*** Records shown ***

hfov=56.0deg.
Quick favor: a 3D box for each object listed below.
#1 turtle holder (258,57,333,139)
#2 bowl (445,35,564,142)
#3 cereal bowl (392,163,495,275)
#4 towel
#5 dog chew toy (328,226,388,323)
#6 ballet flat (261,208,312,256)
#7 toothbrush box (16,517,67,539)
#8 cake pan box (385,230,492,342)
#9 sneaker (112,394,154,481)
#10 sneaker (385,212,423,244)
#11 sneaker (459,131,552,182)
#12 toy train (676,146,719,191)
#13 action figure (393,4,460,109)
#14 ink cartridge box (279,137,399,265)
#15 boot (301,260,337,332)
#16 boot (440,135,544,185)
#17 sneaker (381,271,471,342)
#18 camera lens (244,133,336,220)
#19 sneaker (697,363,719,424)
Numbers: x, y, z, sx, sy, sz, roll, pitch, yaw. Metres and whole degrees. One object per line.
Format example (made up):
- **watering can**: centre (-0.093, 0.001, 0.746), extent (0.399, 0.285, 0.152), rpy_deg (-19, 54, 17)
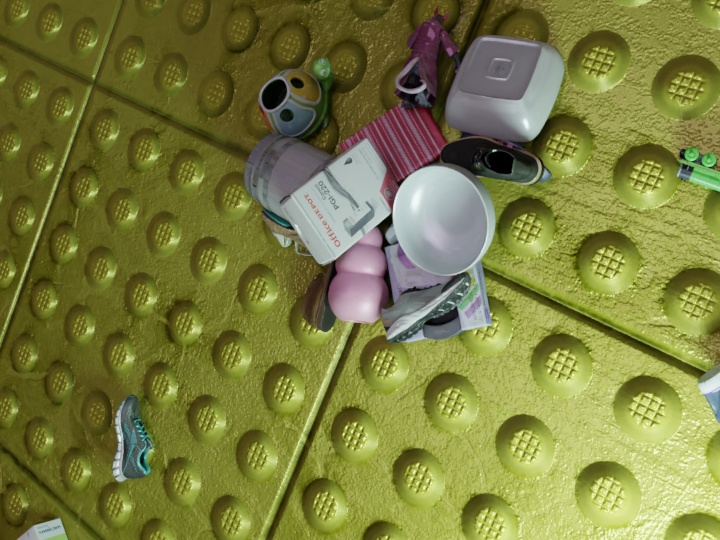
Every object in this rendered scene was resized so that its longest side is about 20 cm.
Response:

***
*** Records shown ***

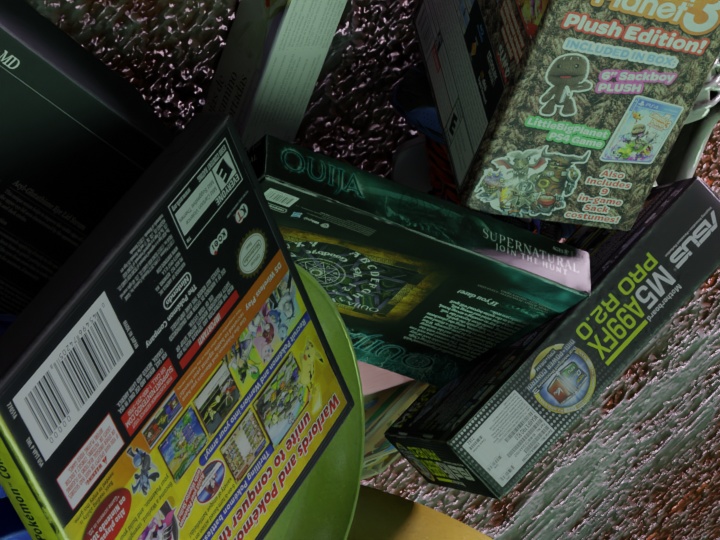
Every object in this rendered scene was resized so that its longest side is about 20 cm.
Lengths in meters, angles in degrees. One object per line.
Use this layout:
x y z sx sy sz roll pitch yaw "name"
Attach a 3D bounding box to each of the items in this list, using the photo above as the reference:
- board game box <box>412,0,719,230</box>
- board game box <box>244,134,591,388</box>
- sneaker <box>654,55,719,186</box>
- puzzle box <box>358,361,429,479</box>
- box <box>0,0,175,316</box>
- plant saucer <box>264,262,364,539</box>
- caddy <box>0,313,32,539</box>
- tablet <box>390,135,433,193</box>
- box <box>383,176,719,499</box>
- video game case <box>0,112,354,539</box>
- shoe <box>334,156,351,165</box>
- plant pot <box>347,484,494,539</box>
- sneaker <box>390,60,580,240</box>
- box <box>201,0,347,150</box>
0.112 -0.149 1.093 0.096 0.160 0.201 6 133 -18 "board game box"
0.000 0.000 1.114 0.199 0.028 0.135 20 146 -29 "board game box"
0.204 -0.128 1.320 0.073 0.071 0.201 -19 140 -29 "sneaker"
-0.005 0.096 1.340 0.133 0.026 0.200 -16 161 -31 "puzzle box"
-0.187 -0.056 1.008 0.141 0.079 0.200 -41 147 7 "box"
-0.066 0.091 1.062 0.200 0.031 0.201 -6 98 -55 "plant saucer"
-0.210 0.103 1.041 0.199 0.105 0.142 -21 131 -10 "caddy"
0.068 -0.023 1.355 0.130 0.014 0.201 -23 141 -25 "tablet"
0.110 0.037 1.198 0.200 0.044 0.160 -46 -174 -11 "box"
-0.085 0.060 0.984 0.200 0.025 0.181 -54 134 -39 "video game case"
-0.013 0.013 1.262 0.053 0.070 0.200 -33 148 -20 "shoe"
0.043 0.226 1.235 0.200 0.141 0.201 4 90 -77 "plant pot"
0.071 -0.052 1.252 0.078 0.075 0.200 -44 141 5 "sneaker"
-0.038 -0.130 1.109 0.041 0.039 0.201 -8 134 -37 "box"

***
*** Records shown ***

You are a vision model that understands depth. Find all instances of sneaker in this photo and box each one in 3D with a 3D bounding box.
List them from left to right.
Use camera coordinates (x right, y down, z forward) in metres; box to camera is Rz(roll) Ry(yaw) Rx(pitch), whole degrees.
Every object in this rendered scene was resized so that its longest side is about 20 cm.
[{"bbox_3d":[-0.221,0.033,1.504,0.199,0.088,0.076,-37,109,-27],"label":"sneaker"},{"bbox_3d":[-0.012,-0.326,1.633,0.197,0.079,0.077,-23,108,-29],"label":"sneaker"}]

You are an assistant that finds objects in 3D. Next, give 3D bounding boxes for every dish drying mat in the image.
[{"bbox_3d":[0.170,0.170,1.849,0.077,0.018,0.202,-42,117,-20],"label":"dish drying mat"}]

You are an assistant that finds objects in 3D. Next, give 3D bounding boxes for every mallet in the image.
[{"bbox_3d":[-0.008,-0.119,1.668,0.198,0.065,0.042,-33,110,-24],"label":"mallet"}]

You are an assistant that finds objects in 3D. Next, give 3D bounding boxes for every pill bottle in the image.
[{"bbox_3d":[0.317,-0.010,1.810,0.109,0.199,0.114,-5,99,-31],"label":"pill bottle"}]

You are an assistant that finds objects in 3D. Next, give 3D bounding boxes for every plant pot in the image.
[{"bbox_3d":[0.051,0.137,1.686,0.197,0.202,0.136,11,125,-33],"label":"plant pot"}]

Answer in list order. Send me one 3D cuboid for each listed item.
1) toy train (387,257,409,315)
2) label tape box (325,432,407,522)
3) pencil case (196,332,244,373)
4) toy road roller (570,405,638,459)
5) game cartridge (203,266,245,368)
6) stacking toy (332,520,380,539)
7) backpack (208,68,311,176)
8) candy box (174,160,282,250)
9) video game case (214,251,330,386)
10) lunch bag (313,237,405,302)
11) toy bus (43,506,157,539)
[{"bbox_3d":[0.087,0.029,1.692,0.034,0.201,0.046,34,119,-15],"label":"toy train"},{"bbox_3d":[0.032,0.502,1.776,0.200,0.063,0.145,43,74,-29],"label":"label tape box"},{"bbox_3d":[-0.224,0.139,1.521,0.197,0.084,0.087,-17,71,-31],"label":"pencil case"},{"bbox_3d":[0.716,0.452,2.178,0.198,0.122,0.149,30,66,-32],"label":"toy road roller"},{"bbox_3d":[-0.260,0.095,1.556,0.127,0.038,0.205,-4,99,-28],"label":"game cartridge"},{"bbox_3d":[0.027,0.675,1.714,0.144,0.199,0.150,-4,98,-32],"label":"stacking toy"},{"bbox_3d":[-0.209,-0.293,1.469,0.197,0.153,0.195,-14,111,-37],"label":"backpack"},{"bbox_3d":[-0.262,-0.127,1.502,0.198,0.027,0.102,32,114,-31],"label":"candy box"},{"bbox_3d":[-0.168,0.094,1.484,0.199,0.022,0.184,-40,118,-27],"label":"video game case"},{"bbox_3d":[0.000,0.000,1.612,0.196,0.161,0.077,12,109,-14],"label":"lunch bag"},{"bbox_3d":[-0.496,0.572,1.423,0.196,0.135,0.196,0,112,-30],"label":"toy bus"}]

***

**Brief:** Count the lines above that contain the word "each", and reply with only that number.

**Task result:** 4